Grenzen des Case Management
Bei der Visions Schmiede steht der Mensch ganz im Zentrum, der Mensch mit all seinen Bedürfnissen, Sehnsüchten, Leidenschaften, Talenten und Grenzen. Die Visions Schmiede steht ein für ein klientenzentriertes Modell, das nach unserer Ansicht zentral ist für die Wirksamkeit einer Zusammenarbeit. Vielerorts und im öffentlichen Bereich nicht zuletzt unter dem Spardruck geht leider gerade dieser Fokus verloren. Ein kritischer Aritkel von Martin Mäder über die Entwicklungen im Bereich Case Management zeigt deutlich Gefahren und Grenzen auf.

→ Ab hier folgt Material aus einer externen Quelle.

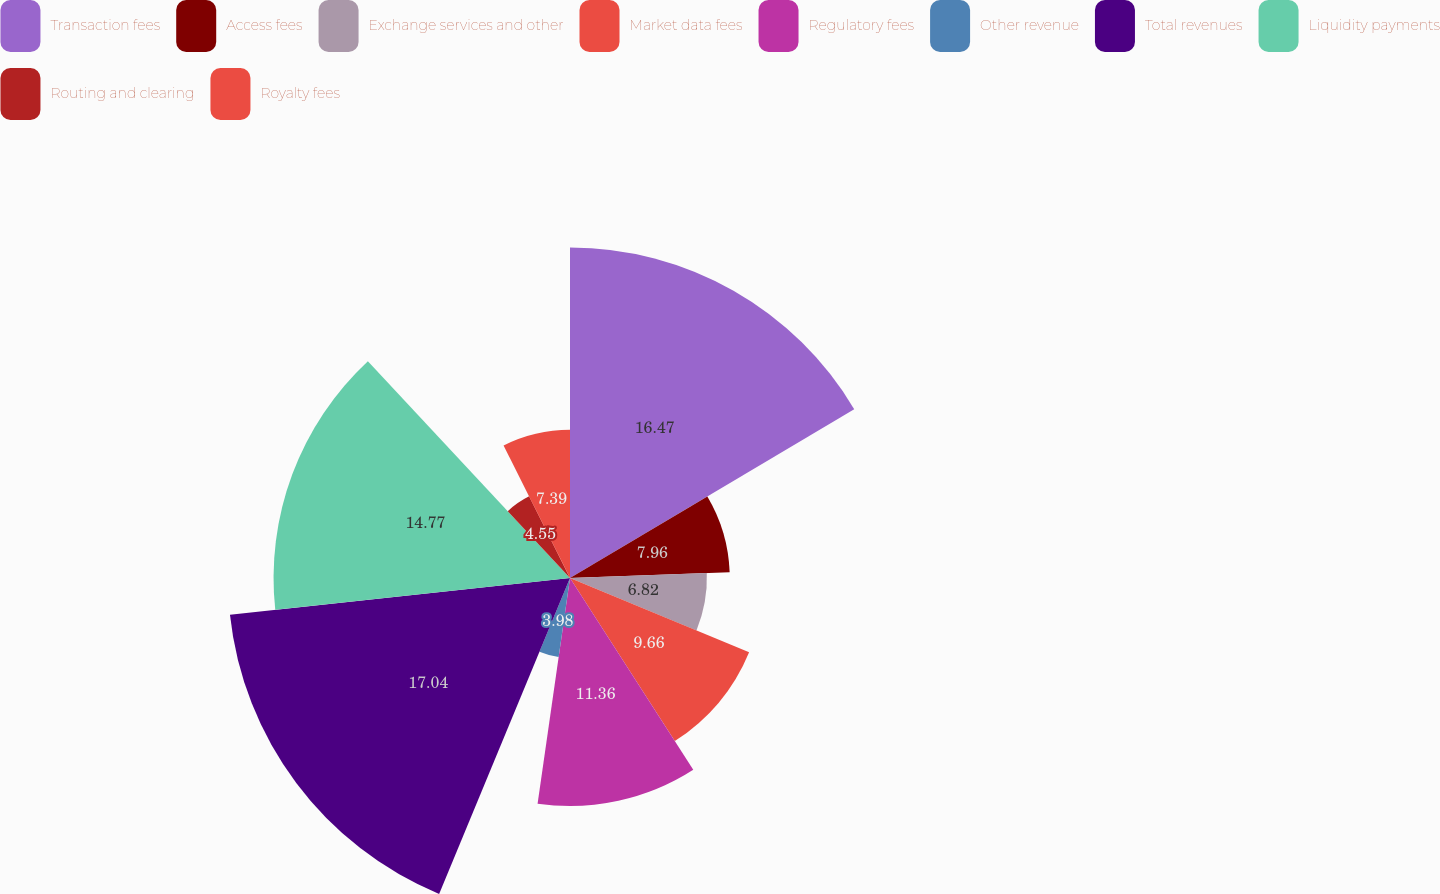Convert chart. <chart><loc_0><loc_0><loc_500><loc_500><pie_chart><fcel>Transaction fees<fcel>Access fees<fcel>Exchange services and other<fcel>Market data fees<fcel>Regulatory fees<fcel>Other revenue<fcel>Total revenues<fcel>Liquidity payments<fcel>Routing and clearing<fcel>Royalty fees<nl><fcel>16.47%<fcel>7.96%<fcel>6.82%<fcel>9.66%<fcel>11.36%<fcel>3.98%<fcel>17.04%<fcel>14.77%<fcel>4.55%<fcel>7.39%<nl></chart>

Artikel aus „der arbeitsmarkt“
Quelle: www.derarbeitsmarkt.ch
Die Sozialversicherungen wenden Case Management falsch an. Dieser Meinung sind Exponenten aus der Sozialarbeit, dem ursprünglichen Einsatzgebiet dieses vielseitigen Handlungskonzepts zur individuellen Fallbetreuung. Wegen der Brisanz des Themas hat die Hochschule Luzern eigens eine Tagung veranstaltet.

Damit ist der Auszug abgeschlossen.